In a significant move for the pharmaceutical world, Commissioner Gunter Verheugen has announced that in 2008 the European Commission is expected to propose a new legal framework for the enhanced monitoring of medicines in the EU. In particular, the commission wants to deal with the problems that arise after a drug has been licensed. This is likely to lead to new rules about transparency and pharmacovigilance data, and rationalising and simplifying the reporting of adverse drug events.
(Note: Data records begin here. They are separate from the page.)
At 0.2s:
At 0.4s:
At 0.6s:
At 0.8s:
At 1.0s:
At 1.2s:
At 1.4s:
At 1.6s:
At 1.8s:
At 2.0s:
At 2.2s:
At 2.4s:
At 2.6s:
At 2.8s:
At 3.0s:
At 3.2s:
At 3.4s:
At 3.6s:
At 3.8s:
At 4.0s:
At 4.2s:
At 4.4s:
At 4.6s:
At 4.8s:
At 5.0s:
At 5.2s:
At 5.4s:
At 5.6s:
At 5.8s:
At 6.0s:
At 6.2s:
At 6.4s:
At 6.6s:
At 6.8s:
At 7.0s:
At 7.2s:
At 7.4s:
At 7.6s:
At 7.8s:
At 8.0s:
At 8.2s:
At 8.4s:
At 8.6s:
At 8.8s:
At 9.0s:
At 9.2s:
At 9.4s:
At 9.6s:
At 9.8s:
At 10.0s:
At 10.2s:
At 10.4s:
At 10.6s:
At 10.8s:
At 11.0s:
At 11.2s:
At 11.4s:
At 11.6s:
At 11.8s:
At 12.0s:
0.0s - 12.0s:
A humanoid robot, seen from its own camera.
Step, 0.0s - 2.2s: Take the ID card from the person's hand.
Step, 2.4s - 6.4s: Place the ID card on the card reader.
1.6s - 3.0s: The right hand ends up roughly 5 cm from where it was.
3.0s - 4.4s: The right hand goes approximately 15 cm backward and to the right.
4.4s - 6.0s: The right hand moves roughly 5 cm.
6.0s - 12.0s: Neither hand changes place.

A Council of Europe report on medication safety confirms earlier studies indicating that medication errors are the single most common preventable adverse risk. Between 6% and 13% of hospitalised patients suffer an adverse event, and 40% of these relate to medication. Other studies show that up to 5% of admissions to internal medicine and intensive care are caused by medication errors. Despite this the Council of Europe study concludes that national safety systems in Europe are of very mixed quality. The answer, they think, lies in better reporting systems, common terminology and a culture of safety. A simple step would be to deal with errors that occur as a consequence of sound-alike and look-alike drug names, similarities in the outer appearance of the medicines packaging and unclear, ambiguous or incomplete labelling information.
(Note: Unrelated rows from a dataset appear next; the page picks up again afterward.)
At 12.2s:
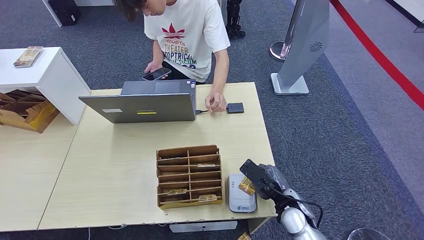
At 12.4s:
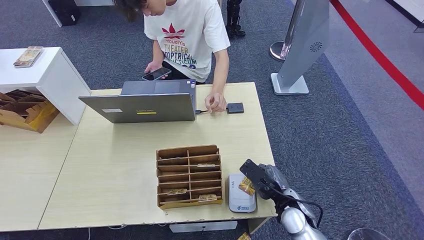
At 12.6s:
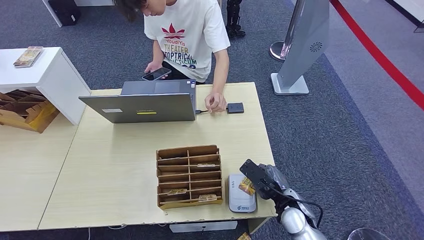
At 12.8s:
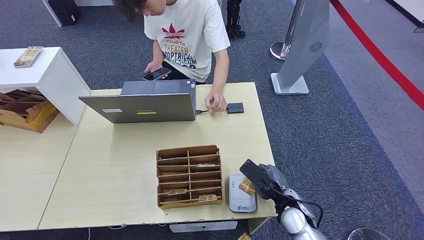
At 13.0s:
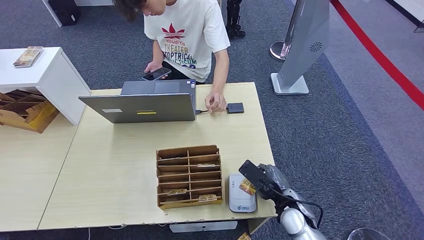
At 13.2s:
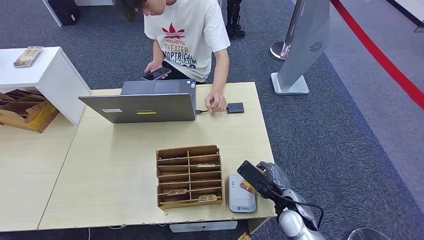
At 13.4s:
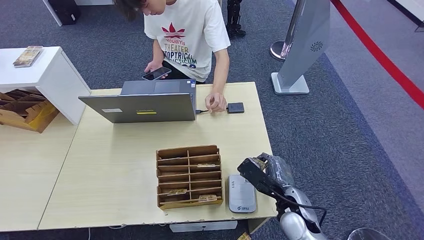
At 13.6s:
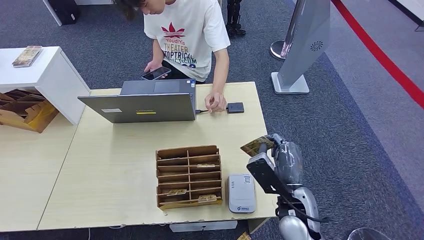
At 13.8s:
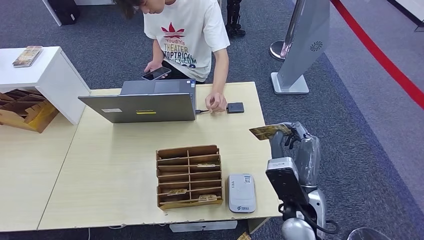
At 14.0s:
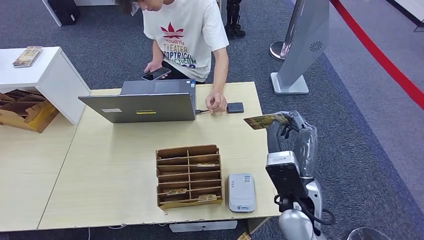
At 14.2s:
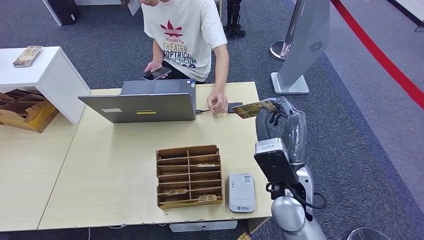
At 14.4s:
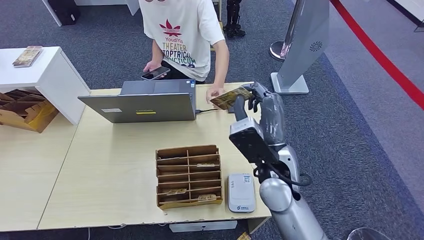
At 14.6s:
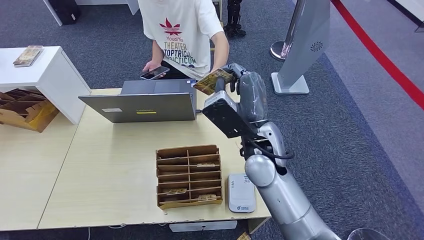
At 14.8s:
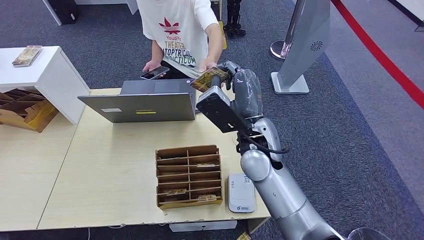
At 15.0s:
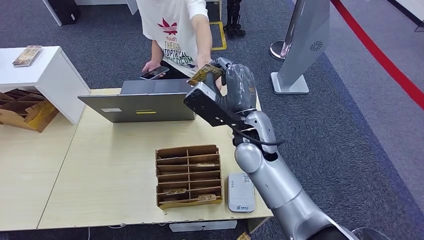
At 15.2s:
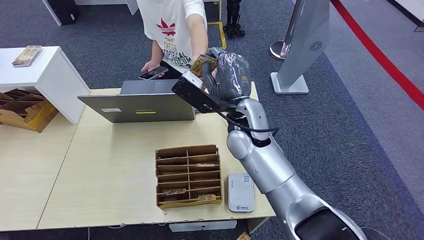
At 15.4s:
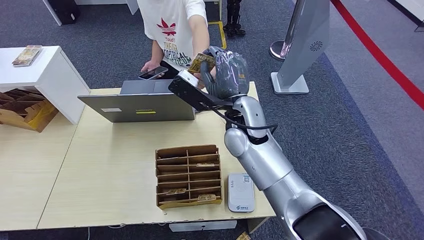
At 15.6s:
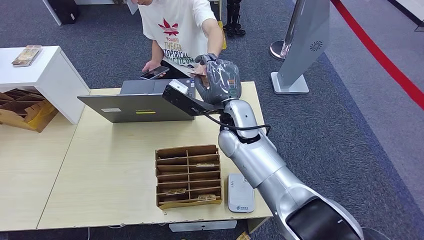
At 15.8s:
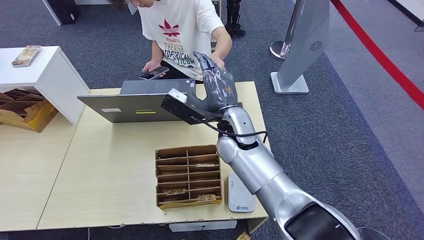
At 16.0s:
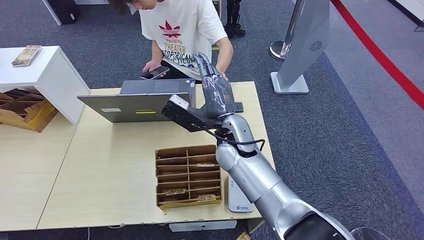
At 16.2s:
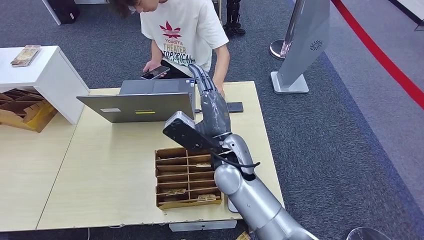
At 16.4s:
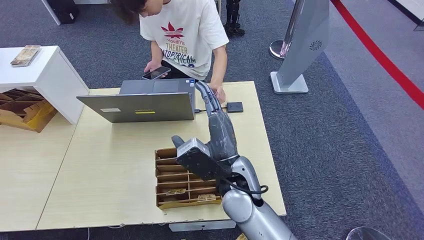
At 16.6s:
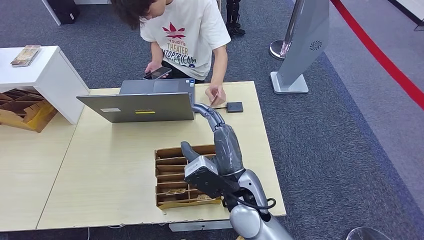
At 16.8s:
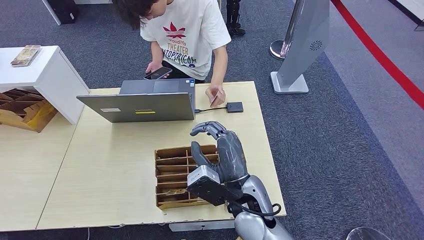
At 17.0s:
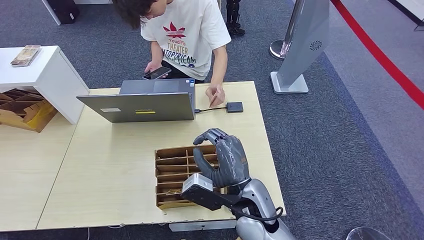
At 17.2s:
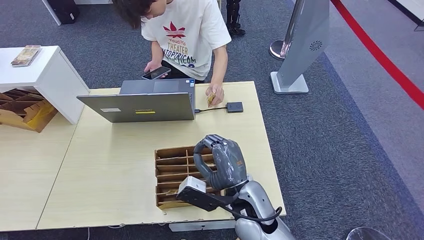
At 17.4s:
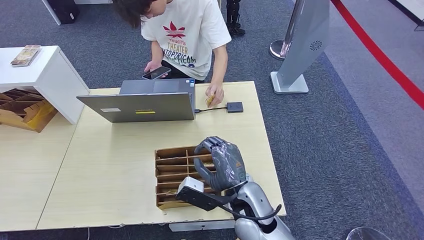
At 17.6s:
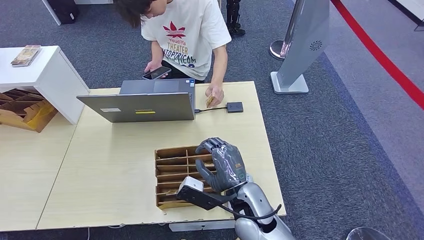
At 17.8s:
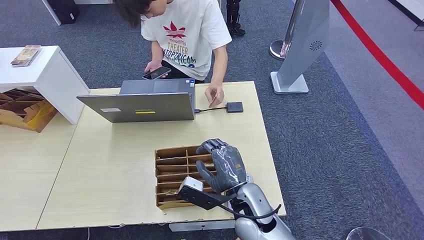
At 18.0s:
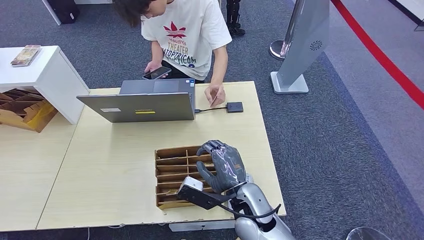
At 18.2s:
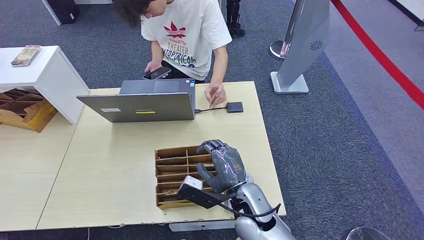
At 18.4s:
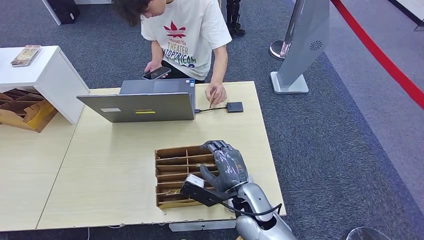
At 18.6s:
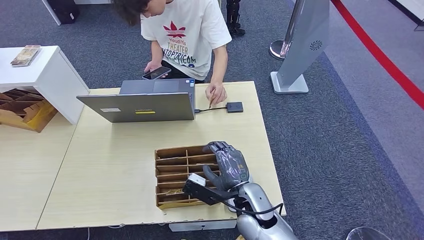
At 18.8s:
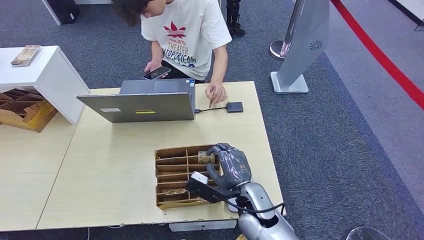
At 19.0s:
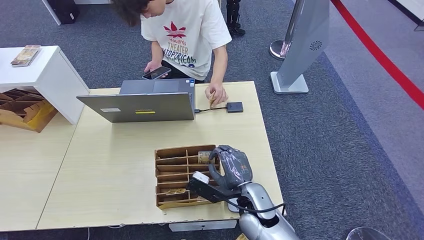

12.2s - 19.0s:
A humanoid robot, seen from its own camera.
Step, 12.2s - 16.4s: Hand the ID card to the person.
12.2s - 13.6s: The right hand shifts some 10 cm upward.
13.6s - 15.0s: The right hand goes approximately 20 cm upward, forward and to the left.
15.0s - 16.2s: The right hand shifts by about 5 cm.
16.2s - 17.6s: The right hand goes some 10 cm downward and backward.
17.6s - 19.0s: The hands make only small movements.

One is left to wonder why this policy area is not the potential subject of the planned health directive, which could direct the creation of national reporting systems where none currently exists and set a standard for those that do. If the pharmaceutical industry are unhappy about directives in this area they should consider sorting it out themselves and thus demonstrate the ethical industry base they often talk about.

The EU interest in health is not surprising, given the amount of public money the latter takes up and the growing size of the industry that uses the money for patients. If health were an entirely private-sector industry it would be much more heavily regulated than it currently is. The trend line is, however, clear and is moving in the direction of a larger profit and not-for-profit sector at the expense of the state-managed services.